►
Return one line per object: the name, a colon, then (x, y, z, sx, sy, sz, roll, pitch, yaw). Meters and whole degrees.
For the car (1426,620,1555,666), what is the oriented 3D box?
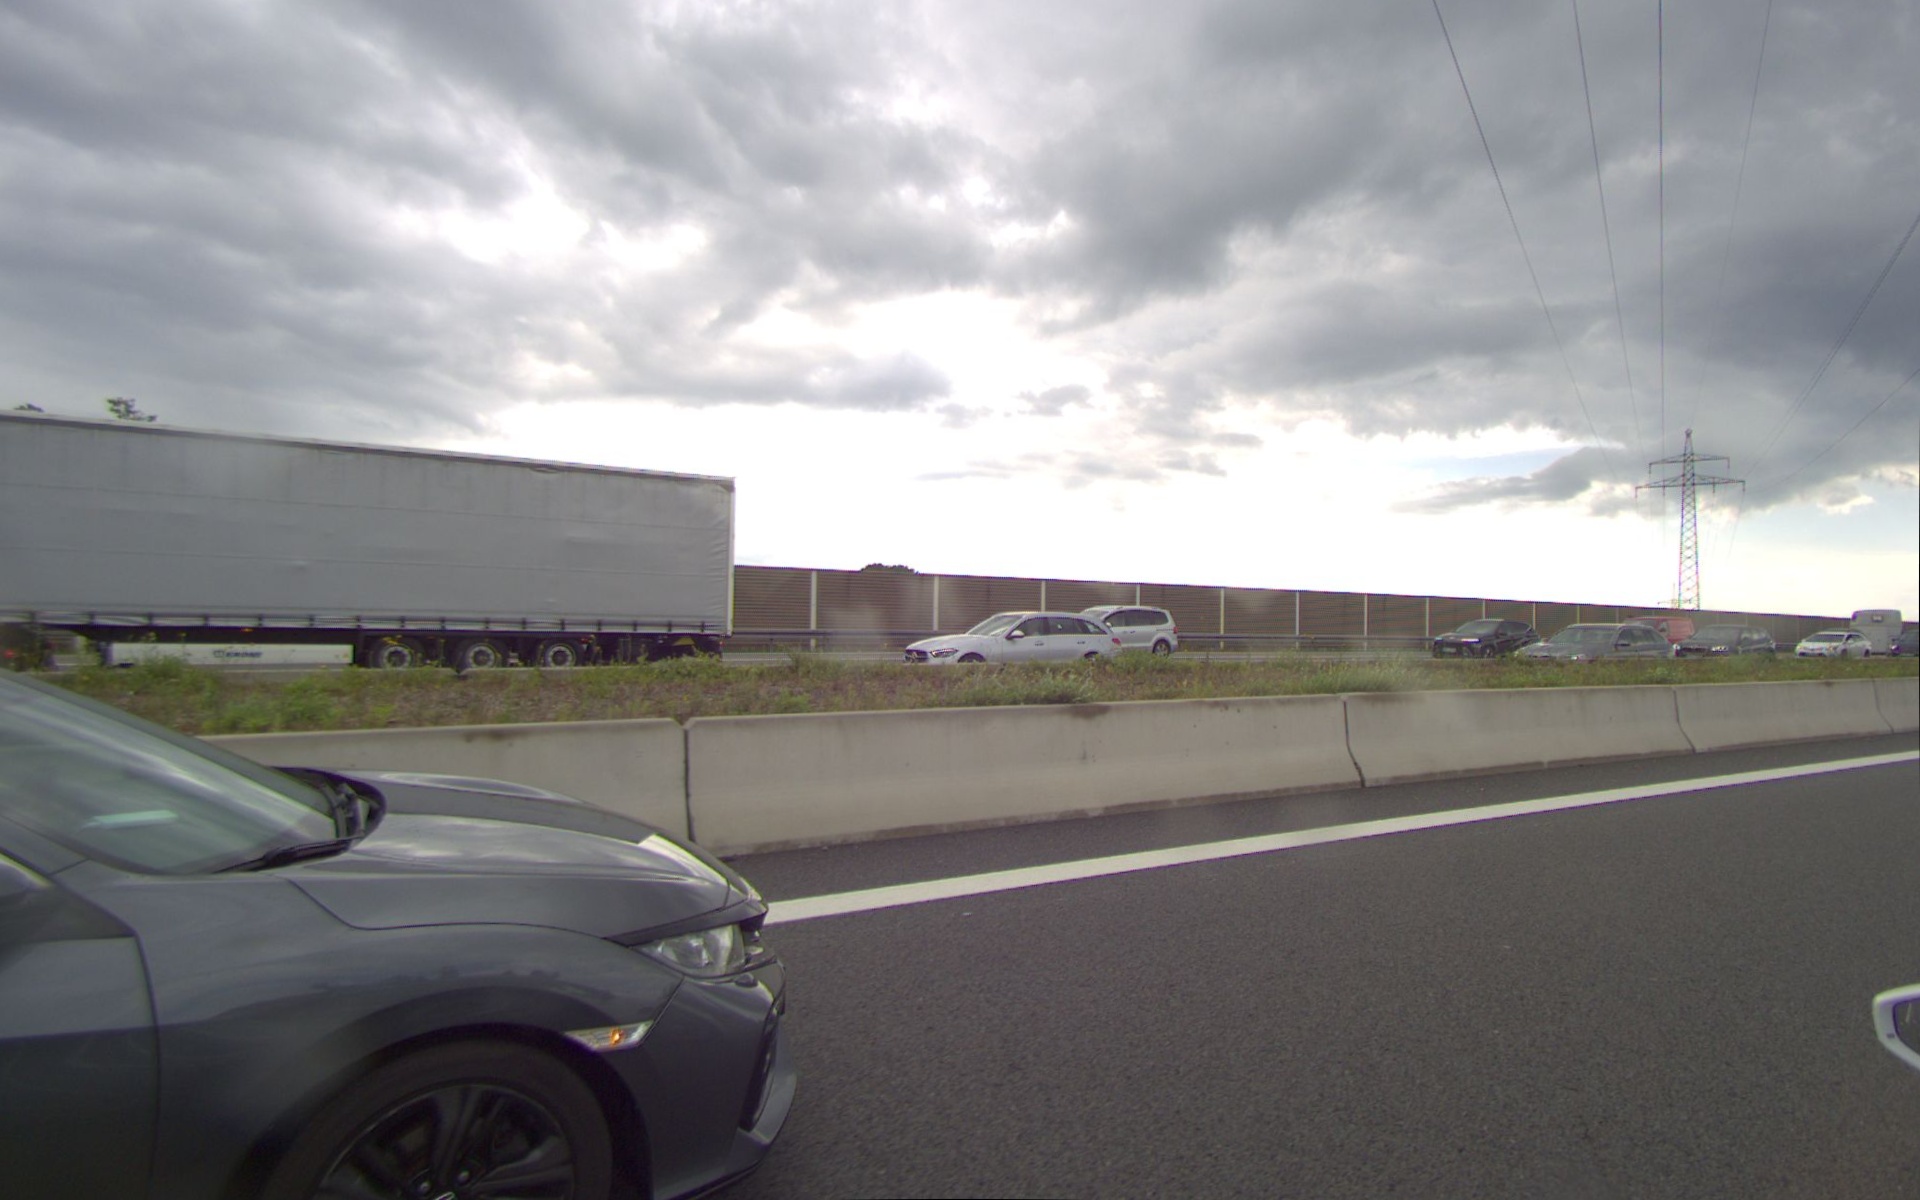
car: (18.724, 1.497, 35.387, 4.887, 1.473, 1.756, 2, 0, -31)

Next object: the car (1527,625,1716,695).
car: (15.861, 1.391, 24.009, 5.027, 1.473, 1.756, 2, 0, -31)

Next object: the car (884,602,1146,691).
car: (1.169, 0.901, 20.058, 5.102, 1.557, 1.756, 2, 0, -31)

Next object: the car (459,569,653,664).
car: (-9.413, 0.387, 23.403, 3.952, 2.040, 1.994, 2, 0, -29)

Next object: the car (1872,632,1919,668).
car: (43.386, 2.262, 45.636, 4.185, 1.473, 1.756, 2, 0, -31)

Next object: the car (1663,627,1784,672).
car: (27.459, 1.761, 36.081, 4.887, 1.473, 1.756, 2, 0, -31)

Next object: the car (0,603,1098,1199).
car: (-2.230, 0.706, 2.080, 5.002, 1.387, 1.752, 1, 0, -31)

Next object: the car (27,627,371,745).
car: (-16.227, 1.778, 21.970, 5.732, 2.223, 2.105, 2, 0, -31)

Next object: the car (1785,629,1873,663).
car: (41.872, 2.215, 48.364, 4.887, 1.473, 1.756, 2, 0, -31)

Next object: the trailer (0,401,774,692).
trailer: (-10.223, -0.651, 18.166, 13.134, 4.115, 3.302, 2, 0, -31)

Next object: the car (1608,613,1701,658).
car: (33.070, 1.689, 47.802, 4.887, 1.993, 1.756, 2, 0, -31)

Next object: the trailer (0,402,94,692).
trailer: (-16.687, -0.836, 14.274, 6.009, 4.097, 3.303, 2, 0, -31)

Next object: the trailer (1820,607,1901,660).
trailer: (53.824, 1.997, 60.014, 4.845, 3.001, 2.236, 2, 0, -31)

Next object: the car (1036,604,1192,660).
car: (4.911, 1.023, 31.812, 4.887, 1.632, 1.756, 2, 0, -31)
◄
| What to work on |
Find "Next object: the trailer (0,401,774,692)." in the data above, then repeat that line and all lines after it exactly, ending with the final line.

| Solved exercise |
Next object: the trailer (0,401,774,692).
trailer: (-10.223, -0.651, 18.166, 13.134, 4.115, 3.302, 2, 0, -31)

Next object: the car (1608,613,1701,658).
car: (33.070, 1.689, 47.802, 4.887, 1.993, 1.756, 2, 0, -31)

Next object: the trailer (0,402,94,692).
trailer: (-16.687, -0.836, 14.274, 6.009, 4.097, 3.303, 2, 0, -31)

Next object: the trailer (1820,607,1901,660).
trailer: (53.824, 1.997, 60.014, 4.845, 3.001, 2.236, 2, 0, -31)

Next object: the car (1036,604,1192,660).
car: (4.911, 1.023, 31.812, 4.887, 1.632, 1.756, 2, 0, -31)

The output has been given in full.